## Task statement
In the data below, the answer is the run of lines from the line containing "Target categories: fedora, spatula" through the line containing "Reply with minified", both included; print it exactly and nothing else.

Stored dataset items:
##########

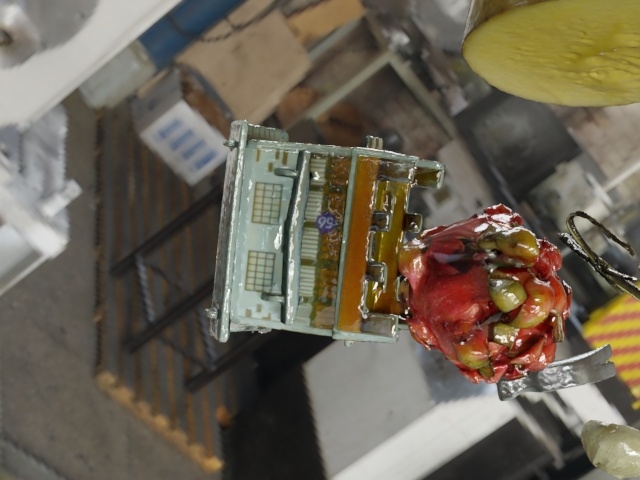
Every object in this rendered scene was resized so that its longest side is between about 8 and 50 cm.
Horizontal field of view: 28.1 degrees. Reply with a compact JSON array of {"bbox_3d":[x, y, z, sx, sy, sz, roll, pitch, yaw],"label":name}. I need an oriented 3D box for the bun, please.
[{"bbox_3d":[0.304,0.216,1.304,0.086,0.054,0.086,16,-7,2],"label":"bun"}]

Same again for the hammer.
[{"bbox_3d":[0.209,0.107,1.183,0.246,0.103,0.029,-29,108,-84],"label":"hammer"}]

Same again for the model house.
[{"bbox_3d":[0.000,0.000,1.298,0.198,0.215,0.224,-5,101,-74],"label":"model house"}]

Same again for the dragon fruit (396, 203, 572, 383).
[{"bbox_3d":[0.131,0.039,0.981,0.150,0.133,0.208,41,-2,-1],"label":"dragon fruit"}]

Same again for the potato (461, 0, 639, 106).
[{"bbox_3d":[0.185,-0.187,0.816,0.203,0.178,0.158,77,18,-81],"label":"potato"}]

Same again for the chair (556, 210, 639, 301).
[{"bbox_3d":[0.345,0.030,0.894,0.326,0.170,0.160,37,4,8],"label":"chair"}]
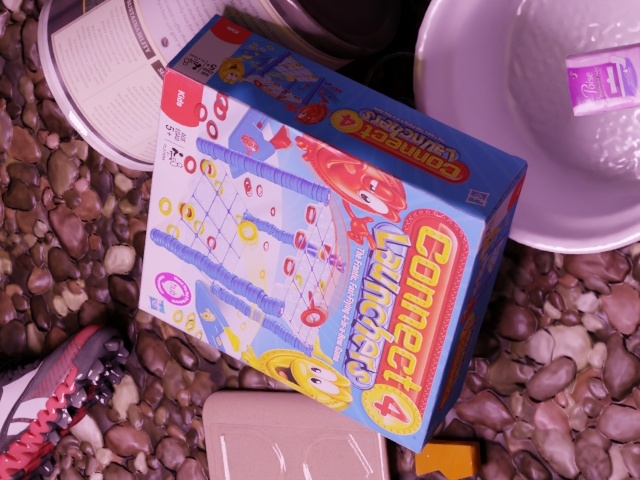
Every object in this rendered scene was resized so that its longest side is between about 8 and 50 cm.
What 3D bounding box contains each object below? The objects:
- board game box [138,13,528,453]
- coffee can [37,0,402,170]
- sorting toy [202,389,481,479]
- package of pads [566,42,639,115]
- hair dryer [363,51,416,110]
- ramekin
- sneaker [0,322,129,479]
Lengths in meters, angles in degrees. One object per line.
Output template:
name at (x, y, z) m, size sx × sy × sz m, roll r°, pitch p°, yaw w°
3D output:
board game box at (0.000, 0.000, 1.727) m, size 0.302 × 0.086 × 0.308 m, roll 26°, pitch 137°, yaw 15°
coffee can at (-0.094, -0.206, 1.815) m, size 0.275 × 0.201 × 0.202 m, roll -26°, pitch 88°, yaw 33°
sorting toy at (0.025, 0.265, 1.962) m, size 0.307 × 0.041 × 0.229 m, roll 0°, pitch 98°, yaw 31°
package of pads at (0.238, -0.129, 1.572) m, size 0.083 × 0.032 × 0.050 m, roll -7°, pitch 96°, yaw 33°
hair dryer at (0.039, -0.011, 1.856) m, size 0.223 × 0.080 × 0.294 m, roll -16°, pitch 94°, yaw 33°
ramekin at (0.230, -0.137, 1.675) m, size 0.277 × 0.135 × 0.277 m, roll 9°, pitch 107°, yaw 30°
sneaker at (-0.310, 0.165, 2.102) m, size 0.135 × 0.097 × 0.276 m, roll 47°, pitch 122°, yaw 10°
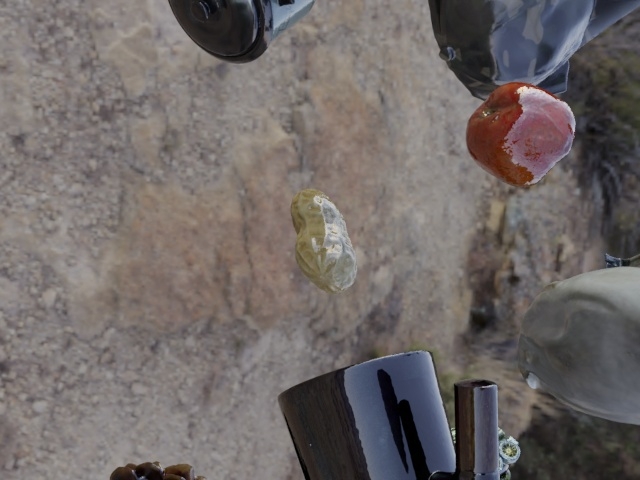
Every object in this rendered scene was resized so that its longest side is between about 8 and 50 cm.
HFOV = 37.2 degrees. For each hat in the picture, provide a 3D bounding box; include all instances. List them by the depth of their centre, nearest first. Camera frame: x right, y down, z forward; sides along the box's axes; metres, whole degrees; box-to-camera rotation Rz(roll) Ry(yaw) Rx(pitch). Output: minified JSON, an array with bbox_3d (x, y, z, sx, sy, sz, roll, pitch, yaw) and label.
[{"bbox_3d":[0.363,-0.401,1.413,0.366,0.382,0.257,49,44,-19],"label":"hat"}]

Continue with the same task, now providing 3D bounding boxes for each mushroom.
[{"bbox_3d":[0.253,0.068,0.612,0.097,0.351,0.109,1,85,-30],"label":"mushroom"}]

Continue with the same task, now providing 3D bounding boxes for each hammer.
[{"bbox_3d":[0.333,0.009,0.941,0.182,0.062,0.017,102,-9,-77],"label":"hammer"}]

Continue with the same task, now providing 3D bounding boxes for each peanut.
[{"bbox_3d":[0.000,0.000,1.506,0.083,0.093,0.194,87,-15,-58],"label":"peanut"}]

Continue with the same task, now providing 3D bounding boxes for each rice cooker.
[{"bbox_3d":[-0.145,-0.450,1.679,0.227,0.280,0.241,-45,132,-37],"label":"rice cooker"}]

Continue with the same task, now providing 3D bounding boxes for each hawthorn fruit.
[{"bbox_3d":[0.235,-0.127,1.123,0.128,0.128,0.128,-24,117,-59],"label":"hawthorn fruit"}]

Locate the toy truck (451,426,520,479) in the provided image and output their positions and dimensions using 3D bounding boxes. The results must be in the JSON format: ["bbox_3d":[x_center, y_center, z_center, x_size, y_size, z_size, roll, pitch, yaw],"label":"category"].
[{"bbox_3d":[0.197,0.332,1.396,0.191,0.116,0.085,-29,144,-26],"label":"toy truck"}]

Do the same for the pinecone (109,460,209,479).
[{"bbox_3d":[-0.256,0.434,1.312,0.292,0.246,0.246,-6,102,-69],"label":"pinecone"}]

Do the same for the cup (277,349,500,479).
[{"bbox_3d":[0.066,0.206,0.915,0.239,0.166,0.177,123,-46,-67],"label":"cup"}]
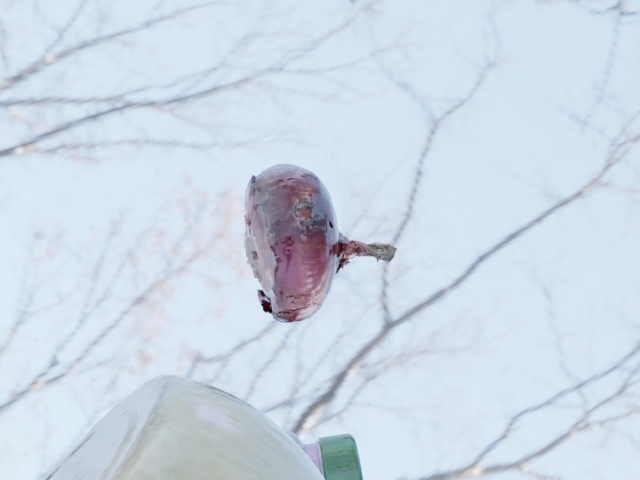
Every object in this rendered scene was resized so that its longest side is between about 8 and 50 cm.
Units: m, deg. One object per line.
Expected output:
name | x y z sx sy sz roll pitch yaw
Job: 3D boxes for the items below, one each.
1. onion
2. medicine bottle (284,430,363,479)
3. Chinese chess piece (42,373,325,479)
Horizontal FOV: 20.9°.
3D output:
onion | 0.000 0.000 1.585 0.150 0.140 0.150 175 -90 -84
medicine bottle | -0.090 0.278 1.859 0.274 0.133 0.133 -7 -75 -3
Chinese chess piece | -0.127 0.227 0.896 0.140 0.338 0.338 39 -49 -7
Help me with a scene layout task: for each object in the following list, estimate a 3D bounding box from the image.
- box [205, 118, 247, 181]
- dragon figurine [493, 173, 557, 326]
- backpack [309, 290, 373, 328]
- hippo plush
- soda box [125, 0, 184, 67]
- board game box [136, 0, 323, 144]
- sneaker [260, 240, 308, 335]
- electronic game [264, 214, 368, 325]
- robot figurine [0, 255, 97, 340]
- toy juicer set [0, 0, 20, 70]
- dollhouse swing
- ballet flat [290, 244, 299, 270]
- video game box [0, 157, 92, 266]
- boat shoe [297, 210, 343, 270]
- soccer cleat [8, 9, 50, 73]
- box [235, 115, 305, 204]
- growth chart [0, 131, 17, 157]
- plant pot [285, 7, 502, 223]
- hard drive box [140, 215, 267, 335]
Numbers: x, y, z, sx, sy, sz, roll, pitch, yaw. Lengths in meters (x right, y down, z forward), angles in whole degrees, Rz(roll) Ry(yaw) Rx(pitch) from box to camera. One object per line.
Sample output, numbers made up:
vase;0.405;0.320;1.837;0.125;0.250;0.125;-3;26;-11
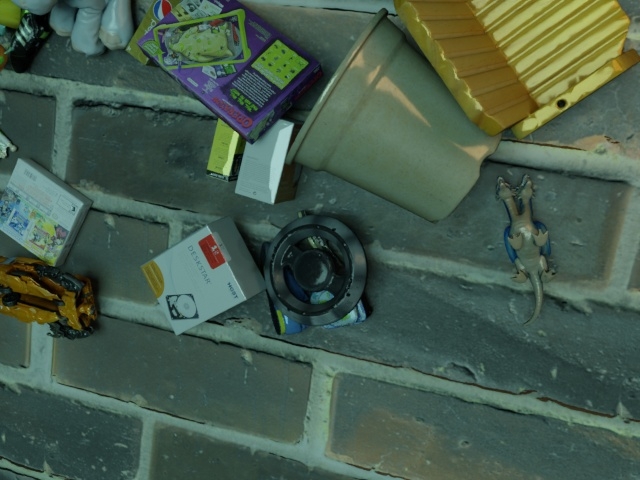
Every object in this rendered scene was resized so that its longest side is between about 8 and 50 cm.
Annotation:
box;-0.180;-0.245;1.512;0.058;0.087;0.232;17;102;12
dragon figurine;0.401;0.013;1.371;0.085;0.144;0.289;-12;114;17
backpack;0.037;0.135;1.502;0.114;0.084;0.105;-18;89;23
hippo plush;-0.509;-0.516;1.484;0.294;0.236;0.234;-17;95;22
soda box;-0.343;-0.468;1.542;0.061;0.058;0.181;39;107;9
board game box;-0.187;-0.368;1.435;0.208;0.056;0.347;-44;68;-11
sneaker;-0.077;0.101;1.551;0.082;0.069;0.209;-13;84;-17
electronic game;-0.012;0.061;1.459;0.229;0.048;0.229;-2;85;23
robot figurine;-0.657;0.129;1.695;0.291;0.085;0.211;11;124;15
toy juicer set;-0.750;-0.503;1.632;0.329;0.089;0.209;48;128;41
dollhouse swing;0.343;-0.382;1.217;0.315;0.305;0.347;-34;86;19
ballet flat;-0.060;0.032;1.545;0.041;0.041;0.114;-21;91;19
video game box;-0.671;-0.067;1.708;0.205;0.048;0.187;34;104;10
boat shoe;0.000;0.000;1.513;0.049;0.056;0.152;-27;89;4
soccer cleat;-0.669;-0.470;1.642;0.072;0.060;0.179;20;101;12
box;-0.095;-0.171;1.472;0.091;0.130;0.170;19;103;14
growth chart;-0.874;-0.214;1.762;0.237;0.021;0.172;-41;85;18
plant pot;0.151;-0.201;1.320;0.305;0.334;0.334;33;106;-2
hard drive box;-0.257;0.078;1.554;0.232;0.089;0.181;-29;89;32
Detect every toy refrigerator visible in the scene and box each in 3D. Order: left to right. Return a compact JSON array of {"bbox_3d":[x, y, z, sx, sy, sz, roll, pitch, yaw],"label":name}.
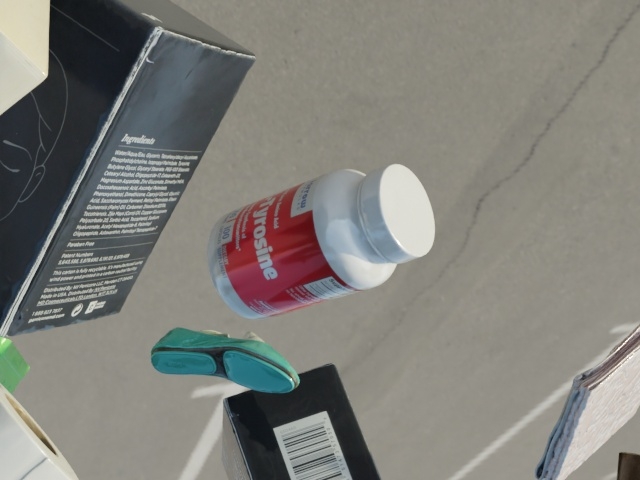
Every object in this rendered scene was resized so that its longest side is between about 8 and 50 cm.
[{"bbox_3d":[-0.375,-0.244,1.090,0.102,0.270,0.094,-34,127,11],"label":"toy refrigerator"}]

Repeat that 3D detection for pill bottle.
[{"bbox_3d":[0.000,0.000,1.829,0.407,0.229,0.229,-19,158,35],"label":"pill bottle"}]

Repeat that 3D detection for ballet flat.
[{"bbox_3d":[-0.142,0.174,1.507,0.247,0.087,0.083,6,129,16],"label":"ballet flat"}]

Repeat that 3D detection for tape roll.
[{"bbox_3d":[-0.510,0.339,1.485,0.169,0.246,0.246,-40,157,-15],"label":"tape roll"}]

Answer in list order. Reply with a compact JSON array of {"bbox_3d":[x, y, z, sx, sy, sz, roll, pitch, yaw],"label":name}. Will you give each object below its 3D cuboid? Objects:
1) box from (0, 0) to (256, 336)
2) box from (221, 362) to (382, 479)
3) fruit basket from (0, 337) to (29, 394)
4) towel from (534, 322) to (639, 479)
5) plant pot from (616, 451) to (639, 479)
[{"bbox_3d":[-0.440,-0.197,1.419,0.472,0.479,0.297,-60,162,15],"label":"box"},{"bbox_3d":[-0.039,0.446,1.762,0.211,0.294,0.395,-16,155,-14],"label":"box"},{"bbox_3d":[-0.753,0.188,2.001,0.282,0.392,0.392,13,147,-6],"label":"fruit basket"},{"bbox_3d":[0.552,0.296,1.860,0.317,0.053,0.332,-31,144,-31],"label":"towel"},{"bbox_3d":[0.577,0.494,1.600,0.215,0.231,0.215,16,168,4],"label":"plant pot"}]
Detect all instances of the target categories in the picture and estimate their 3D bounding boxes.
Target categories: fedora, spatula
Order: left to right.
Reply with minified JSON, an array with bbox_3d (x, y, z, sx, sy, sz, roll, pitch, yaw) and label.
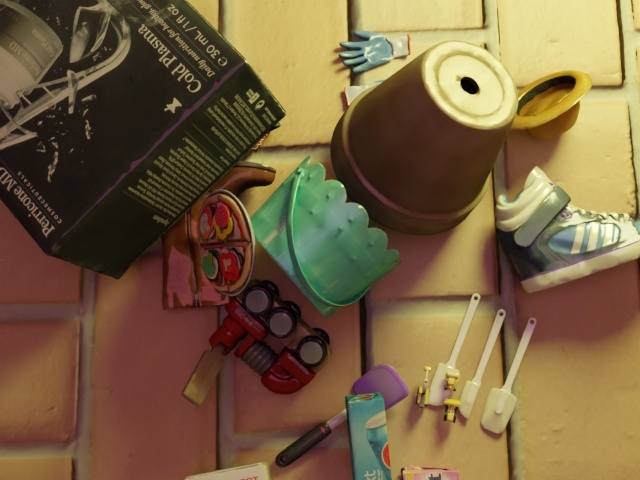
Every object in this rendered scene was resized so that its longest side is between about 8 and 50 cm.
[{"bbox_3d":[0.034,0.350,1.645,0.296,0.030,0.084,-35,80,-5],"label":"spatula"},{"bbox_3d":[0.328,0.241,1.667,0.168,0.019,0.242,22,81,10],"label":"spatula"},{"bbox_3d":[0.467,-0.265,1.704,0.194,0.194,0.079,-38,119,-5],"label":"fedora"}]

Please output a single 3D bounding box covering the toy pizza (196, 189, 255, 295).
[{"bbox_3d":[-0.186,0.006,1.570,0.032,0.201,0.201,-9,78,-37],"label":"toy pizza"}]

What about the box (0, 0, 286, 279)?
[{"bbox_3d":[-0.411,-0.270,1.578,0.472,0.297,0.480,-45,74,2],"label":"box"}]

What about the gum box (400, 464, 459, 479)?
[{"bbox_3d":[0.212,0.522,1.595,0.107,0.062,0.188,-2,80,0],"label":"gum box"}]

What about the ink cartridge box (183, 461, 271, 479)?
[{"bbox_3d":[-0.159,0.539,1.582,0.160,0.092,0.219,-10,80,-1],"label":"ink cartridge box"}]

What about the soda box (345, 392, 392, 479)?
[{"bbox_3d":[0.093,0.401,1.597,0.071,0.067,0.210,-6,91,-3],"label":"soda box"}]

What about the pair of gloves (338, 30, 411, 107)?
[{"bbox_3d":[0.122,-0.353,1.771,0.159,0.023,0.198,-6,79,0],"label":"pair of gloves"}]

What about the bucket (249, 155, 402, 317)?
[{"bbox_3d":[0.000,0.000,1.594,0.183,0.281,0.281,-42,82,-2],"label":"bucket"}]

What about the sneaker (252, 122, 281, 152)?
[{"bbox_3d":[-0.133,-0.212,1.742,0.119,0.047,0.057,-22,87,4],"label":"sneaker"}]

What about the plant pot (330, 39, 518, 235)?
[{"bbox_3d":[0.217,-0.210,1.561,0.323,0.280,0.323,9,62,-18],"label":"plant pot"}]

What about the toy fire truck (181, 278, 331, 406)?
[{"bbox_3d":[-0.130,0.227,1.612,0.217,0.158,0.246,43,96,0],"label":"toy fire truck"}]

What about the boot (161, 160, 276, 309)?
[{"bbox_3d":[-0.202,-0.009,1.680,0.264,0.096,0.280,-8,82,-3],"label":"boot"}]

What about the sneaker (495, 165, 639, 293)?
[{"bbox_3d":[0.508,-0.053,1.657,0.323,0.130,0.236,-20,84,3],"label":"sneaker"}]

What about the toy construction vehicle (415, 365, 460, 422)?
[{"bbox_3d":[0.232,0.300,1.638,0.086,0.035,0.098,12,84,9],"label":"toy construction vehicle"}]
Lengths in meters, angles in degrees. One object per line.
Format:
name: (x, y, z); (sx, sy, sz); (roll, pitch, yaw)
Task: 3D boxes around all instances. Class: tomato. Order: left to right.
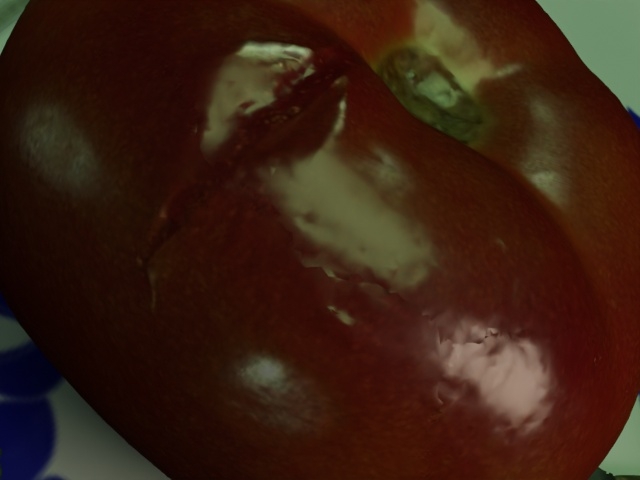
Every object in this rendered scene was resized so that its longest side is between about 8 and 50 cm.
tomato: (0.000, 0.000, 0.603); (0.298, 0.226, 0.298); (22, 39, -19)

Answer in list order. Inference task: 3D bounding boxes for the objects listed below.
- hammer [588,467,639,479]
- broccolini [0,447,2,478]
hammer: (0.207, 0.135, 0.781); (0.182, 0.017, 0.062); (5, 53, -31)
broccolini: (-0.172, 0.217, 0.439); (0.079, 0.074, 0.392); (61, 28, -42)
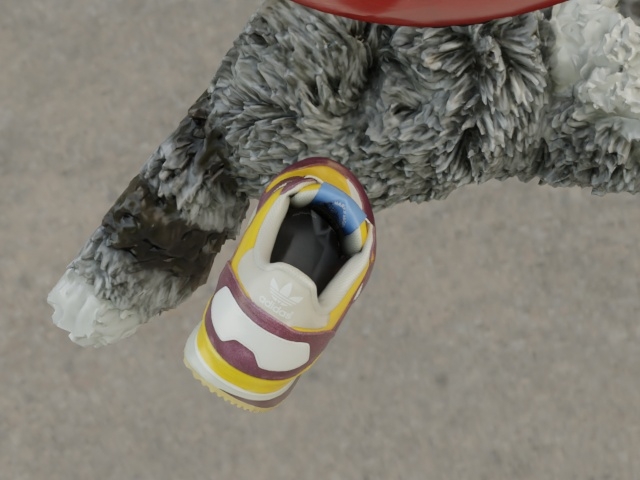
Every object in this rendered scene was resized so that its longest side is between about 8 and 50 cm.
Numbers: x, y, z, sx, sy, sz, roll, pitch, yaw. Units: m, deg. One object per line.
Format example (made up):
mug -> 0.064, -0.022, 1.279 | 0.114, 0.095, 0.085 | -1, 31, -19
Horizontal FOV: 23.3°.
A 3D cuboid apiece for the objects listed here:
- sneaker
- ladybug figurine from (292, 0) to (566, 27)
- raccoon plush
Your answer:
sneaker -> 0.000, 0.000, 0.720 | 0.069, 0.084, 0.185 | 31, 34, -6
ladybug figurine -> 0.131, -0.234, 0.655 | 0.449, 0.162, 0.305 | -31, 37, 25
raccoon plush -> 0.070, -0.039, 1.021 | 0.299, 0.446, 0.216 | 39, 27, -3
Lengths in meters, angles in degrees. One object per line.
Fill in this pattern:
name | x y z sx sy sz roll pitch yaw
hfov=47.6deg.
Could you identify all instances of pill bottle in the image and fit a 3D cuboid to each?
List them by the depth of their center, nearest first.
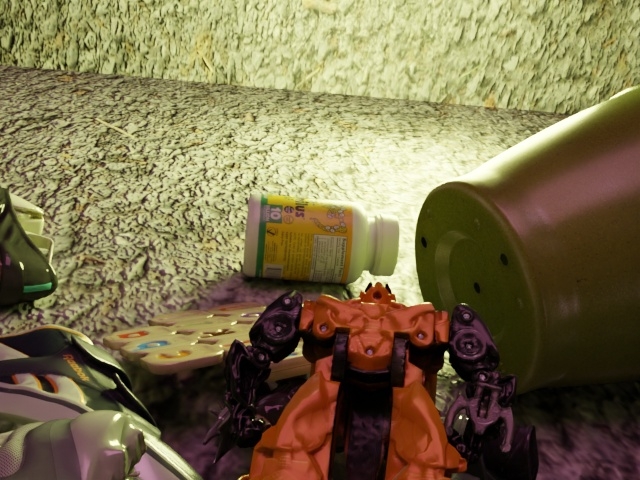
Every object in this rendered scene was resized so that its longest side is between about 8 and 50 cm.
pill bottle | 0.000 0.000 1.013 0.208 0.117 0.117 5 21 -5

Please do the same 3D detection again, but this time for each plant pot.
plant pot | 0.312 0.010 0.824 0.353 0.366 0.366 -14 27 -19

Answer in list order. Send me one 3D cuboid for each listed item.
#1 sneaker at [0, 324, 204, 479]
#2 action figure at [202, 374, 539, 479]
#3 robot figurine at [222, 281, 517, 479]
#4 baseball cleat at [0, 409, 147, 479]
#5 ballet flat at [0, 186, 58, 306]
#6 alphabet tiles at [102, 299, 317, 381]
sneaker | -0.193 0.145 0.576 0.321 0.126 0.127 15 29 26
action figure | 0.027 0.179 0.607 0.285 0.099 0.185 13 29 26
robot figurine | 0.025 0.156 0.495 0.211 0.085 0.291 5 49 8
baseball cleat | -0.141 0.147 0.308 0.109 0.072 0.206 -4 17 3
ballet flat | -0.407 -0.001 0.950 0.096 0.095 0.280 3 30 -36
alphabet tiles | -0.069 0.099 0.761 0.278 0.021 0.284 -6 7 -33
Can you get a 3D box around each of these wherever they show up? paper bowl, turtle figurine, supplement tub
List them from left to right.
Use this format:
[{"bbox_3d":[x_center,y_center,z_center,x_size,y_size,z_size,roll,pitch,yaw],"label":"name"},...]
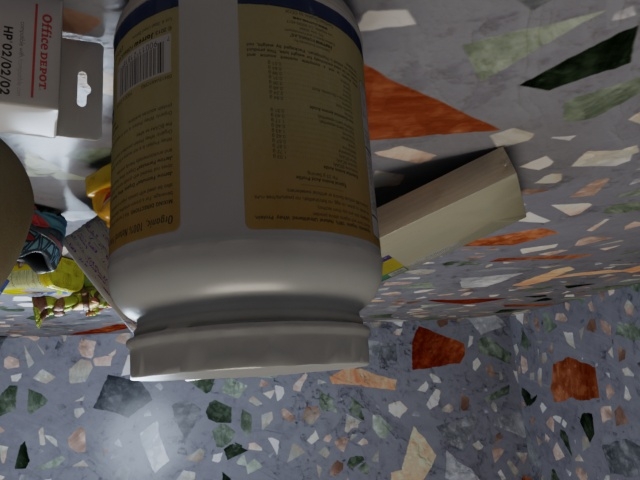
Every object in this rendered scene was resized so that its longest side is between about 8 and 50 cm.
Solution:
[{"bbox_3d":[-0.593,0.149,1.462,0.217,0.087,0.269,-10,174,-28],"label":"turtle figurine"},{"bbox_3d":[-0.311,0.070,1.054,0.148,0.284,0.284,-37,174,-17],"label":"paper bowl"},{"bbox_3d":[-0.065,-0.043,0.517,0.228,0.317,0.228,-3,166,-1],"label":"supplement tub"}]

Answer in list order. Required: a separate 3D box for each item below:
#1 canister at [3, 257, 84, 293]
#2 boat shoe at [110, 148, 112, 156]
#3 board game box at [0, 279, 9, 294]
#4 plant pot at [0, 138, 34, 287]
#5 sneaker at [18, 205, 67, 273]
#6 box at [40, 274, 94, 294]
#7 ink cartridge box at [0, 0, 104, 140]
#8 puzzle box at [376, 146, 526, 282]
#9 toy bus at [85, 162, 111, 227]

##########

## Written solution
Target categories: fedora, spatula
Order: left to right.
Reply with minified JSON, an array with bbox_3d (x, y, z, sx, sy, sz, roll, pitch, yaw) and label.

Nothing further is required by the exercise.